• _BRIEF_
Omit the images and retype the records verbatim.

• _INFORMATION_
• • • • •
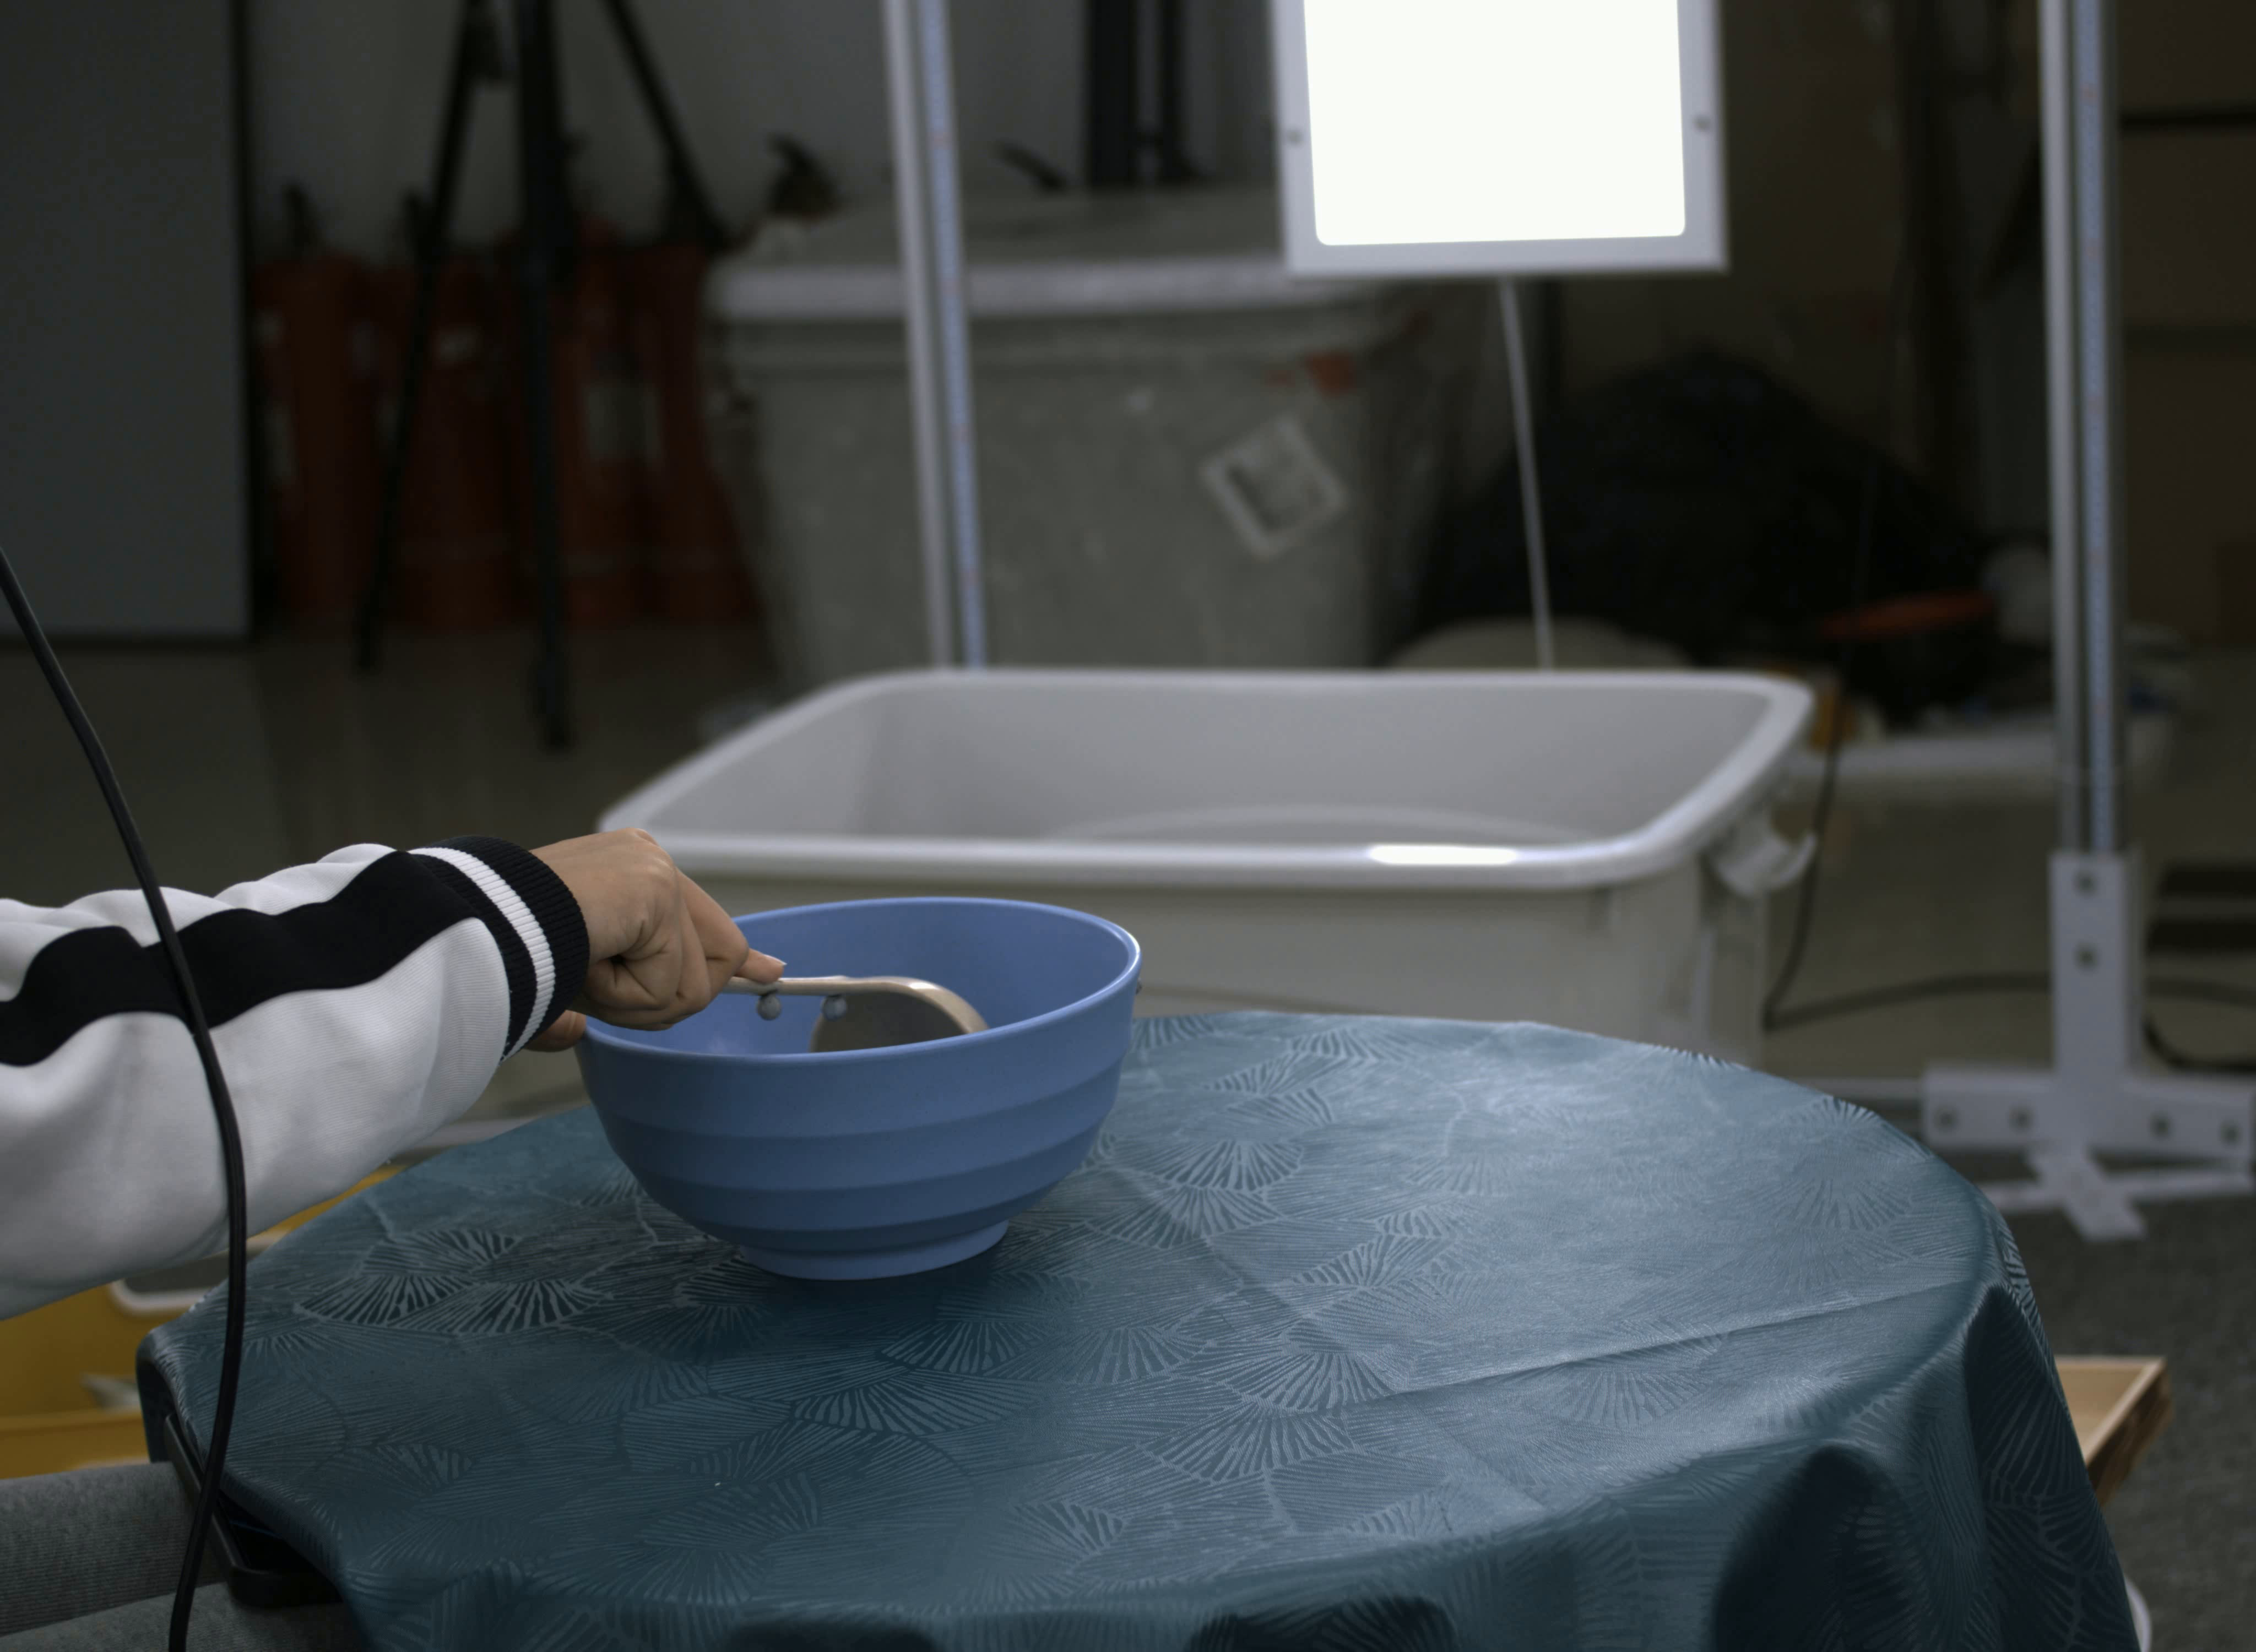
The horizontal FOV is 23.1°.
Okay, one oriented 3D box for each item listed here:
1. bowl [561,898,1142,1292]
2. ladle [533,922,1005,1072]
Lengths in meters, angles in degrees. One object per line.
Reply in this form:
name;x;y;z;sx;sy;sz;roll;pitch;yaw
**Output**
bowl;-0.090;0.097;1.864;0.196;0.096;0.196;-5;15;0
ladle;-0.122;0.078;1.793;0.073;0.073;0.249;9;-1;31
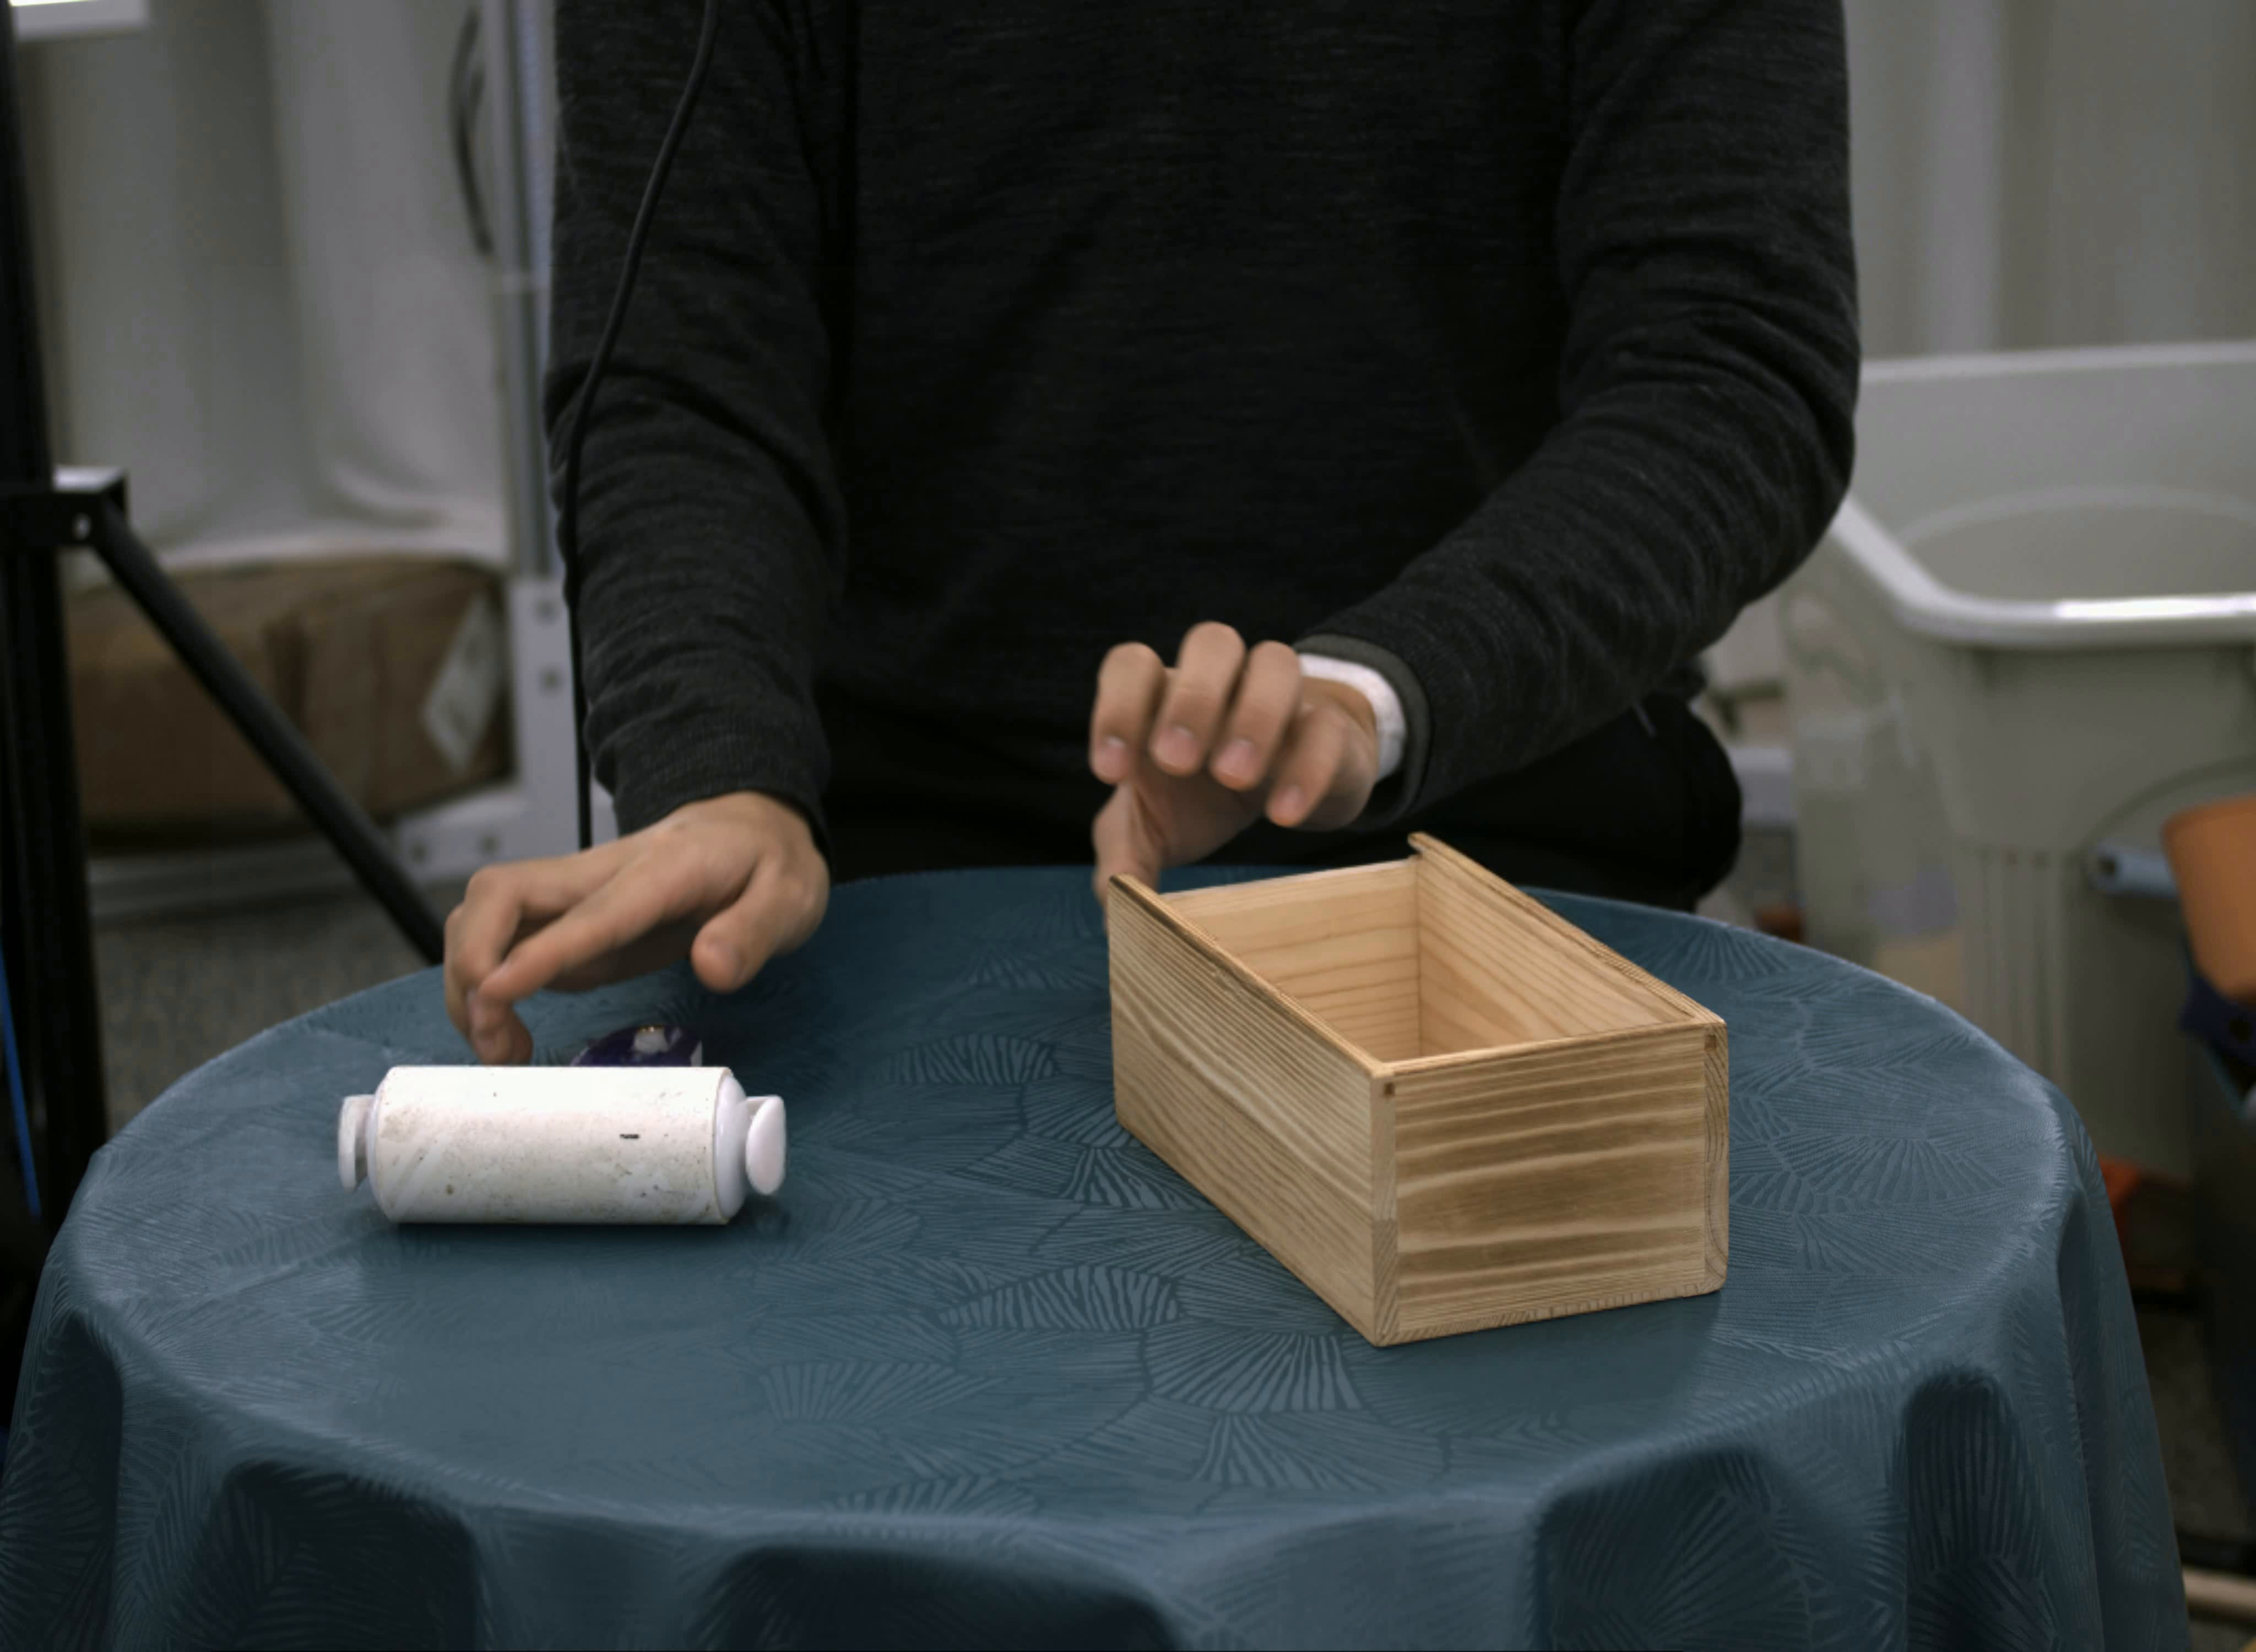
• • • • •
• _RESULT_
The horizontal FOV is 23.1°.
Okay, one oriented 3D box for each item listed here:
1. bowl [561,898,1142,1292]
2. ladle [533,922,1005,1072]
Lengths in meters, angles in degrees. One object per line.
Reply in this form:
name;x;y;z;sx;sy;sz;roll;pitch;yaw
**Output**
bowl;-0.090;0.097;1.864;0.196;0.096;0.196;-5;15;0
ladle;-0.122;0.078;1.793;0.073;0.073;0.249;9;-1;31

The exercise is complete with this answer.